Receptor tyrosine kinases (RTKs) are high-affinity
cell surface receptors for many
polypeptide growth factors,
cytokines and
hormones. RTKs are not only key regulators of normal cellular processes, but are also involved in the progression of many types of
tumors, and responses to various biotic and abiotic stresses. Catfish is a primary aquaculture species in the United States, while its industry is drastically hindered by several major diseases including enteric
septicemia of catfish (ESC) that is caused by Edwardsiella ictaluri. Disease outbreaks are often accompanied by hypoxic stress, which affects the performance and survival of fish by reducing
disease resistance. In this study, we identified 26 RTK oncogenes in the channel catfish genome, and determined their expression profiles after ESC
infection and hypoxic stress. The 26 RTK genes were divided into four subfamilies according to phylogenetic analysis, including TIE (2 genes), ErbB (6 genes), EPH (14 genes), and INSR (4 genes).

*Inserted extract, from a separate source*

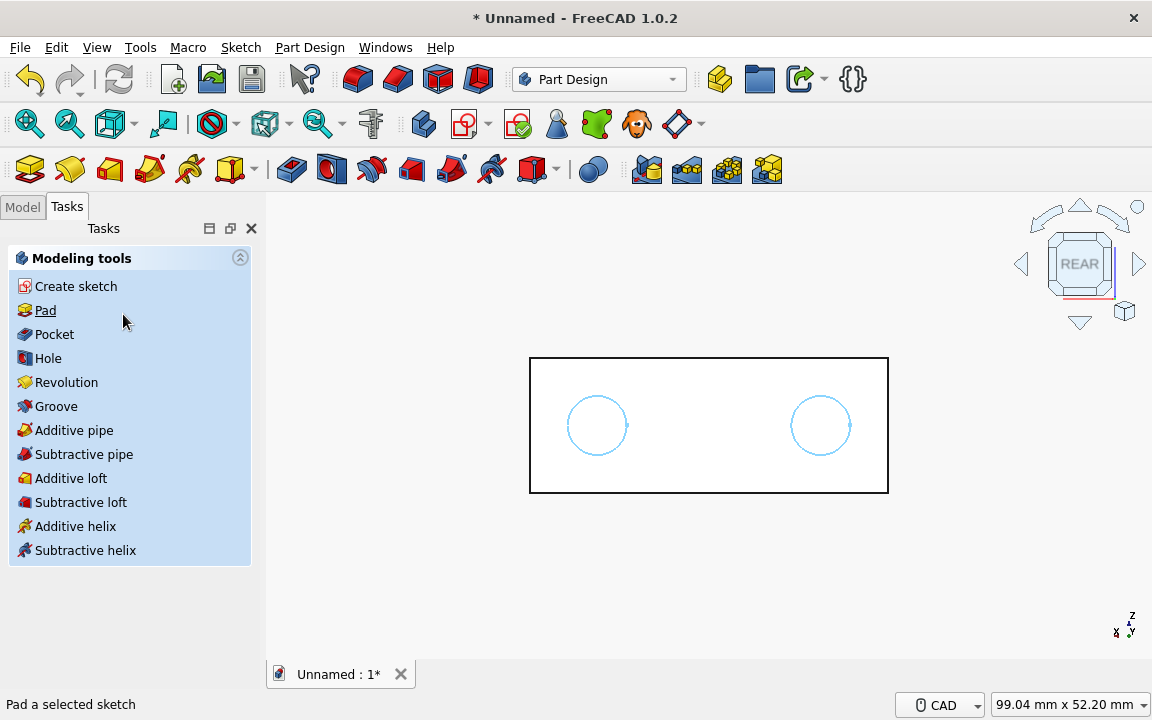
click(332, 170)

All identified RTKs possess a similar molecular architecture including
ligand-binding domains, a single transmembrane helix and a cytoplasmic region, which suggests that these genes could play conserved biological roles. The expression analysis revealed that eight RTKs were significantly regulated after
bacterial infection, with dramatic induction of
insulin receptor genes including INSRb, IGF1Ra, and IGF1Rb. Upon hypoxic stress, EPHB3a, EGFR, ErbB4b, and IGF1Rb were expressed at higher levels in the tolerant catfish, while EPHA2a, EPHA2, TIE1 and INSRa were expressed at higher levels in the intolerant catfish. These results suggested the involvement of RTKs in immune responses and hypoxic tolerance.